Sen. Barbara Boxer had been chair of the Senate’s Environment Committee for less than a month when the verdict landed last February. “Warming of the climate system is unequivocal,” concluded a report by 600 scientists from governments, academia, green groups and businesses in 40 countries. Worse, there was now at least a 90 percent likelihood that the release of greenhouse gases from the burning of fossil fuels is causing longer droughts, more flood-causing downpours and worse heat waves, way up from earlier studies. Those who doubt the reality of human-caused climate change have spent decades disputing that. But Boxer figured that with “the overwhelming science out there, the deniers’ days were numbered.” As she left a meeting with the head of the international climate panel, however, a staffer had some news for her. A conservative think tank long funded by ExxonMobil, she told Boxer, had offered scientists $10,000 to write articles undercutting the new report and the computer-based climate models it is based on. “I realized,” says Boxer, “there was a movement behind this that just wasn’t giving up.”

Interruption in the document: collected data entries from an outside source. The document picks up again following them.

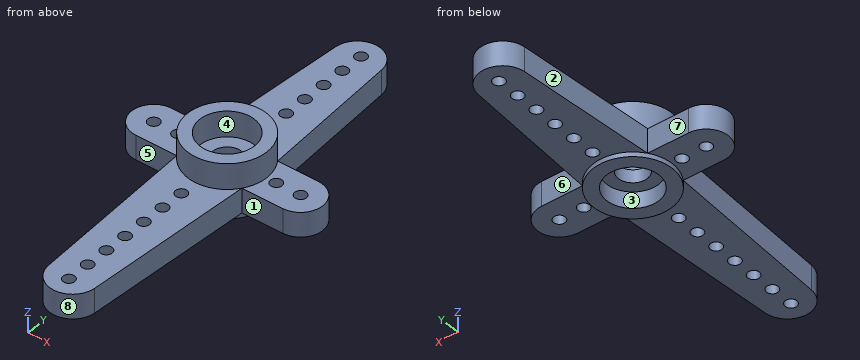
Autodesk Inventor part; units mm, degrees
ref_plane "YZ Plane" through (0, 0, 0) normal (1, 0, 0) x (0, 1, 0)
ref_plane "XZ Plane" through (0, 0, 0) normal (0, 1, 0) x (-1, 0, 0)
ref_plane "XY Plane" through (0, 0, 0) normal (0, 0, 1) x (1, 0, 0)
sketch "스케치1" plane through (0, 0, 0) normal (0, 0, 1) x (1, 0, 0)
  circle A0 centre (0, 0) radius 2.5
  line L0 (-6.35, 0) -> (6.35, 0) construction
  line L1 (-6.35, -1.9) -> (6.35, -1.9)
  line L2 (6.35, 1.9) -> (-6.35, 1.9)
  arc A1 (-6.35, 1.9) -> (-6.35, -1.9) centre (-6.35, 0) ccw
  arc A2 (6.35, -1.9) -> (6.35, 1.9) centre (6.35, 0) ccw
  line L3 (0, 14.5) -> (0, -14.5) construction
  circle A3 centre (0, 14.5) radius 0.5
  circle A4 centre (0, -14.5) radius 0.5
  circle A5 centre (6.35, 0) radius 0.5
  circle A6 centre (-6.35, 0) radius 0.5
  circle A7 centre (-4.25, 0) radius 0.5
  circle A8 centre (4.25, 0) radius 0.5
  line L4 (0, -1.9) -> (0, -18.5)
  line L5 (0, 1.9) -> (0, 15.9)
  arc A9 (1.9954, 14.0355) -> (-1.9954, 14.0355) centre (0, 13.9) ccw
  arc A10 (-1.9969, -16.6117) -> (1.9969, -16.6117) centre (0, -16.5) ccw
  circle A11 centre (0, 0) radius 3.4
  line L6 (-1.9954, 14.0355) -> (-2.8196, 1.9)
  line L7 (1.9954, 14.0355) -> (2.8196, 1.9)
  line L8 (-2.8196, -1.9) -> (-1.9969, -16.6117)
  line L9 (2.8196, -1.9) -> (1.9969, -16.6117)
  circle A12 centre (0, 12.5) radius 0.5
  circle A13 centre (0, 10.5) radius 0.5
  circle A14 centre (0, 8.5) radius 0.5
  circle A15 centre (0, 6.5) radius 0.5
  circle A16 centre (0, 4.5) radius 0.5
  circle A17 centre (0, 0) radius 2.35
  circle A18 centre (0, -16.5) radius 0.5
  circle A19 centre (0, -12.5) radius 0.5
  circle A20 centre (0, -10.5) radius 0.5
  circle A21 centre (0, -8.5) radius 0.5
  circle A22 centre (0, -6.5) radius 0.5
  circle A23 centre (0, -4.5) radius 0.5
  dimension "d0" = 5
  dimension "d1" = 1.9
  dimension "d2" = 16.5
  dimension "d3" = 29
  dimension "d4" = 1
  dimension "d5" = 1
  dimension "d6" = 1
  dimension "d7" = 1
  dimension "d10" = 2.1
  dimension "d17" = 2.1
  dimension "d24" = 16.6
  dimension "d25" = 14
  dimension "d26" = 4
  dimension "d27" = 4
  dimension "d28" = 6.8
  dimension "d31" = 2
  dimension "d36" = 4.7
  dimension "d39" = 2
  dimension "d46" = 2
extrude "돌출1" add sketch "스케치1" along normal blind 2.2 contours A0 L1 A17 L2 | A0 L2 A11 L1 | L2 A17 L5 A0 | A0 L5 A11 L2 | L1 A11 L4 A0 | A0 L4 A17 L1 | L5 A17 L2 A0 | A0 L2 A11 L5 | A17 L1 L2 | L2 L5 A17 | L4 A11 L1 A0 | A0 L1 A17 L4 | A17 L4 L1 | L2 A17 L1 A0 | A0 L1 A11 L2 | L5 L2 A17 | A17 L1 L4
extrude "돌출2" add sketch "스케치1" against normal blind 2.11 contours A0 L1 A17 L2 | A0 L2 A11 L1 | L2 A17 L5 A0 | A0 L5 A11 L2 | L1 A11 L4 A0 | A0 L4 A17 L1 | L5 A17 L2 A0 | A0 L2 A11 L5 | L2 A2 L1 A11 | A11 L5 A16 A15 A14 A13 A12 A3 A9 L7 | A17 L1 L2 | L2 L5 A17 | L4 A11 L1 A0 | A0 L1 A17 L4 | A17 L4 L1 | L9 A10 L4 A18 A4 A19 A20 A21 A22 A23 A11 | L2 A17 L1 A0 | A0 L1 A11 L2 | L5 L2 A17 | A11 L6 A9 L5 A3 A12 A13 A14 A15 A16 | A17 L1 L4 | L4 A23 A22 A21 A20 A19 A4 A18 A10 L8 A11 | A11 L1 A1 L2
extrude "돌출3" cut sketch "스케치1" along normal blind 3.65 contours A17 L1 L2 | L2 L5 A17 | A17 L4 L1 | L5 L2 A17 | A17 L1 L4
sketch "스케치2" plane through (0, 0, 0) normal (0, 0, 1) x (1, 0, 0)
  circle A0 centre (0, 0) radius 1.25
  dimension "d57" = 2.5
extrude "돌출4" cut sketch "스케치2" against normal blind 7.6
sketch "스케치3" plane through (0, 0, -2.11) normal (0, 0, -1) x (-1, 0, 0)
  circle A0 centre (0, 0) radius 2.25
  dimension "d60" = 4.5
extrude "돌출5" cut sketch "스케치3" against normal blind 1
sketch "스케치4" plane through (0, 0, -2.11) normal (0, 0, -1) x (-1, 0, 0)
  point P0 (0, 0)
sketch "스케치5" plane through (0, 0, -2.11) normal (0, 0, -1) x (-1, 0, 0)
  circle A0 centre (0, 0) radius 3.4
  circle A1 centre (0, 0) radius 2.25
  dimension "d63" = 4.5
  dimension "d64" = 6.8
extrude "돌출6" add sketch "스케치5" along normal blind 0.4
sketch "스케치6" plane through (0, 0, -2.11) normal (0, 0, -1) x (-1, 0, 0)
  line L0 (0.9014, 15.3127) -> (-1.0592, 15.3127)
  line L1 (-1.0592, 15.3127) -> (-1.0592, 3.6394)
  line L2 (-1.0592, 3.6394) -> (0.9014, 3.6394)
  line L3 (0.9014, 3.6394) -> (0.9014, 15.3127)
  line L4 (1.0141, -3.7747) -> (-1.0592, -3.7747)
  line L5 (-1.0592, -3.7747) -> (-1.0592, -17.386)
  line L6 (-1.0592, -17.386) -> (1.0141, -17.386)
  line L7 (1.0141, -17.386) -> (1.0141, -3.7747)
  point P0 (0, 0)
extrude "돌출7" add sketch "스케치6" against normal blind 2.11
sketch "스케치7" plane through (0, 0, -2.11) normal (0, 0, -1) x (-1, 0, 0)
  circle A0 centre (0, 14.3) radius 0.5
  arc A1 (1.9954, 14.0355) -> (-1.9954, 14.0355) centre (0, 13.9) ccw
  line L0 (0, 0) -> (0, 0.7105)
  line L1 (0, 0) -> (0.8275, 0)
  circle A2 centre (0, 12.3) radius 0.5
  circle A3 centre (0, 10.3) radius 0.5
  circle A4 centre (0, 8.3) radius 0.5
  circle A5 centre (0, 6.3) radius 0.5
  circle A6 centre (0, 4.3) radius 0.5
  line L2 (0, 15.9) -> (3.4178, 15.9)
  arc A7 (1.9954, 14.0355) -> (-1.9954, 14.0355) centre (0, 13.9) ccw
  circle A8 centre (0, -16.9) radius 0.5
  arc A9 (-1.9969, -16.6117) -> (1.9969, -16.6117) centre (0, -16.5) ccw
  circle A10 centre (0, -14.9) radius 0.5
  circle A11 centre (0, -12.9) radius 0.5
  circle A12 centre (0, -10.9) radius 0.5
  circle A13 centre (0, -8.9) radius 0.5
  circle A14 centre (0, -6.9) radius 0.5
  circle A15 centre (0, -4.9) radius 0.5
  point P0 (0, -18.5)
  dimension "d69" = 1
  dimension "d73" = 2
  dimension "d78" = 1.6
  dimension "d79" = 1
  dimension "d80" = 1.6
  dimension "d86" = 2
extrude "돌출8" cut sketch "스케치7" against normal blind 2.11
sketch "스케치9" plane through (0, 0, -2.11) normal (0, 0, -1) x (-1, 0, 0)
  circle A0 centre (0, 14.3) radius 0.5
  circle A1 centre (0, -16.9) radius 0.5
  point P0 (0, 0)
  dimension "d90" = 14.3
  dimension "d91" = 16.9
properties part number "180도 서보모터 십자축"
Work out the finished part from the listing and answer in its coordinate system (mm). Face numbers are marked on the shaded views. A direction names the side the tool comes from. Give positions to 0.01 mm unless a question says otherwise; leave off trailing zeros. Loops run counter-clockwise (first coordinate to the right, second up) from the corner with the lowest first, then second, coordinate; pieces in that order, holes last. Notation, with made-up numbers: (-9, -27.5) - (0, -27.5) arc R13 cw to (0, -3.5) - close; hole circle Ø11 at (-27.75, -5.5). An arc over 180 degrees is marked (long way). Answer in a Markdown table with one row per item. Add a question column.
Q1. A tool of negligible diameter and unlimited length cuts with its end or side. For the marked faces 4, 5, 6, 7 and 8, from which of +Z, -Z, +X, -X, +Y, -Y can it reach the whole face along a straight path? Write none if from no direction.
Q2. The part is cut by section D-D (z = 1.85). Determine the outline of the cut face in (x, y).
Q3. The part is cut by section A-A (x = -4.25). Determine the outline of the cut face in (y, z), and give its area (3 significant figures).
Q4. Consider line 1 along X through (y, z) = (0, 1); line 2 along X through (y, z) = (-2, 0.1); line 3 along Z through (x, y) = (-2.25, -8). Determine where each line is inside the solid, lowest interval first.
Q5. Determine the mould class of the marked faces 1, 2 and 3 for opening direction X: released by +X, released by -X, zero draft, split by the parting line, or undercut.
Q6. Each of these flat-tipped pins is pushed along its axis until it touches: P1, Ø3, axis at x = -1, y = 9.5, coming from the -Z side; P2, Ø4, axis at x = 0, y = 0, coming from the -Z side; P3, Ø1.7, axis at x = 1, y = 5.5, coming from the +Z side; P4, Ø4, axis at x = 0, y = 1, coming from the +Z side. Where does it stop, or does it pass through?
Q7. The part is cut by section B-B (y = -4.9). Determine the outline of the cut face in (x, z).
Q8. The part is cut by section C-C (z = -0.35). State how many separate pieces and enclosed holes the cut face has, and give its area (3 significant figures).
Solution:
| question | item | result |
|---|---|---|
| 1 | face 4 | +Z |
| 1 | face 5 | +Z, -Z, -X, -Y |
| 1 | face 6 | +Z, -Z, +X, +Y |
| 1 | face 7 | +Z, -Z, -X, +Y |
| 1 | face 8 | +Z, -Z, -Y |
| 2 | outline | circle Ø6.8 at (0, 0); hole circle Ø4.7 at (0, 0) |
| 3 | outline | (-1.9, -2.11) - (-0.5, -2.11) - (-0.5, 0) - (-1.9, 0) - close; (0.5, -2.11) - (1.9, -2.11) - (1.9, 0) - (0.5, 0) - close |
| 3 | area | 5.91 mm² |
| 4 | line 1 | x = -3.4 to -2.35, 2.35 to 3.4 |
| 4 | line 2 | x = -2.75 to -1.23, 1.23 to 2.75 |
| 4 | line 3 | z = -2.11 to 0 |
| 5 | face 1 | zero draft |
| 5 | face 2 | released by -X |
| 5 | face 3 | undercut |
| 6 | P1 | stops at z = -2.11 |
| 6 | P2 | stops at z = -1.11 |
| 6 | P3 | stops at z = 0 |
| 6 | P4 | stops at z = 2.2 |
| 7 | outline | (-2.65, -2.11) - (-0.5, -2.11) - (-0.5, 0) - (-2.65, 0) - close; (0.5, -2.11) - (2.65, -2.11) - (2.65, 0) - (0.5, 0) - close |
| 8 | separate pieces | 1 |
| 8 | enclosed holes | 18 |
| 8 | area | 182 mm² |

If you think those who have long challenged the mainstream scientific findings about global warming recognize that the game is over, think again. Yes, 19 million people watched the “Live Earth” concerts last month, titans of corporate America are calling for laws mandating greenhouse cuts, “green” magazines fill newsstands, and the film based on Al Gore’s best-selling book, “An Inconvenient Truth,” won an Oscar. But outside Hollywood, Manhattan and other habitats of the chattering classes, the denial machine is running at full throttle—and continuing to shape both government policy and public opinion.

Since the late 1980s, this well-coordinated, well-funded campaign by contrarian scientists, free-market think tanks and industry has created a paralyzing fog of doubt around climate change. Through advertisements, op-eds, lobbying and media attention, greenhouse doubters (they hate being called deniers) argued first that the world is not warming; measurements indicating otherwise are flawed, they said. Then they claimed that any warming is natural, not caused by human activities. Now they contend that the looming warming will be minuscule and harmless. “They patterned what they did after the tobacco industry,” says former senator Tim Wirth, who spearheaded environmental issues as an under secretary of State in the Clinton administration. “Both figured, sow enough doubt, call the science uncertain and in dispute. That’s had a huge impact on both the public and Congress.”